La radio ne coûte pas cher non plus à ses auditeurs. Le développement de la miniaturisation, par exemple, la fabrication de baladeurs, également, ont fait faire un boom énorme à la radio. Elle est disponible à tous. Facilement. Équitablement.

La radio est également un merveilleux mode de communication. Grâce à elle, on peut s’adresser à la fois à l’intelligence et à la sensibilité des auditeurs. Comme la presse écrite, elle permet un contenu complexe et comme la télévision, elle autorise un contenu émotif. Elle n’a pas le côté parfois rebutant de la presse écrite ni le côté sensationnel de la télévision. Elle dispose du meilleur des deux.

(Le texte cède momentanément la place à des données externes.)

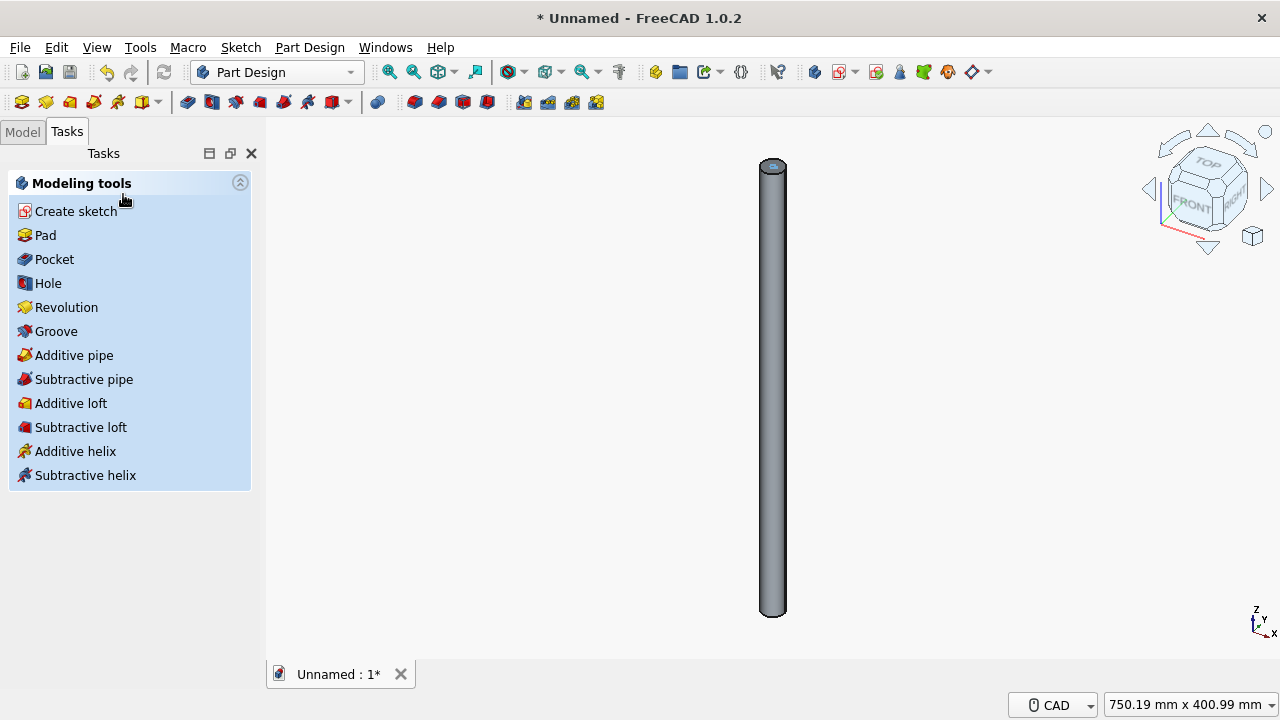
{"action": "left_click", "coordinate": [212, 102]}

Bien que fréquemment menacée de disparaître, elle revient toujours en force et continue de s’imposer malgré le développement de nouvelles techniques qui, loin de lui nuire, lui donnent au contraire aujourd’hui une nouvelle dimension.

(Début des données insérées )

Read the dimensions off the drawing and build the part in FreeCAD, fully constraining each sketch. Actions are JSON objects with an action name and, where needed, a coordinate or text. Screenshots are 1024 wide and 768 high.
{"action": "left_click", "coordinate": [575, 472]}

L’arrivée du numérique, associé à la production et la diffusion des émissions de radio, a considérablement modifié le paysage de la radio traditionnelle. C’est vrai également d’Internet qui, entre autres choses, prolonge aujourd’hui la vie d’une production radio jusqu’ici condamnée à une existence très éphémère et permet en même temps une diffusion sans limites géographiques.

Contrairement à la communication interpersonnelle, le propre des médias de masse est de rejoindre le plus grand nombre de personnes en même temps et, comme les autres médias de masse, la radio se définit également par l’absence de rétroaction.

Cela est vrai même si le développement d’Internet permet aujourd’hui aux auditeurs de commenter fort rapidement – et parfois sans beaucoup de distance ni de précautions – les contenus entendus. Les tribunes téléphoniques représentent aussi une forme de rétroaction, un peu comme le courrier des lecteurs d’un quotidien.

On dit que c’est une séquence communicationnelle unidirectionnelle, contrairement à un échange entre deux personnes qui, lui, constitue une séquence bidirectionnelle au cours de laquelle il est toujours possible de vérifier si le sens du propos est bien compris. La compréhension est parfois implicite, parce que les antécédents de chacun permettent de la tenir pour acquise, elle est parfois explicite à travers des expressions comme : « Comprends-tu ? », ou d’autres conventions de langage, ou encore des expressions non verbales comme le hochement de tête qui vient ponctuer la compréhension.

En radio, il faut se passer de tels procédés et s’assurer le plus possible d’être compris instantanément, à la première écoute et pour le mieux. C’est une caractéristique dont il est important de tenir compte pour développer des techniques efficaces de communication radiophonique.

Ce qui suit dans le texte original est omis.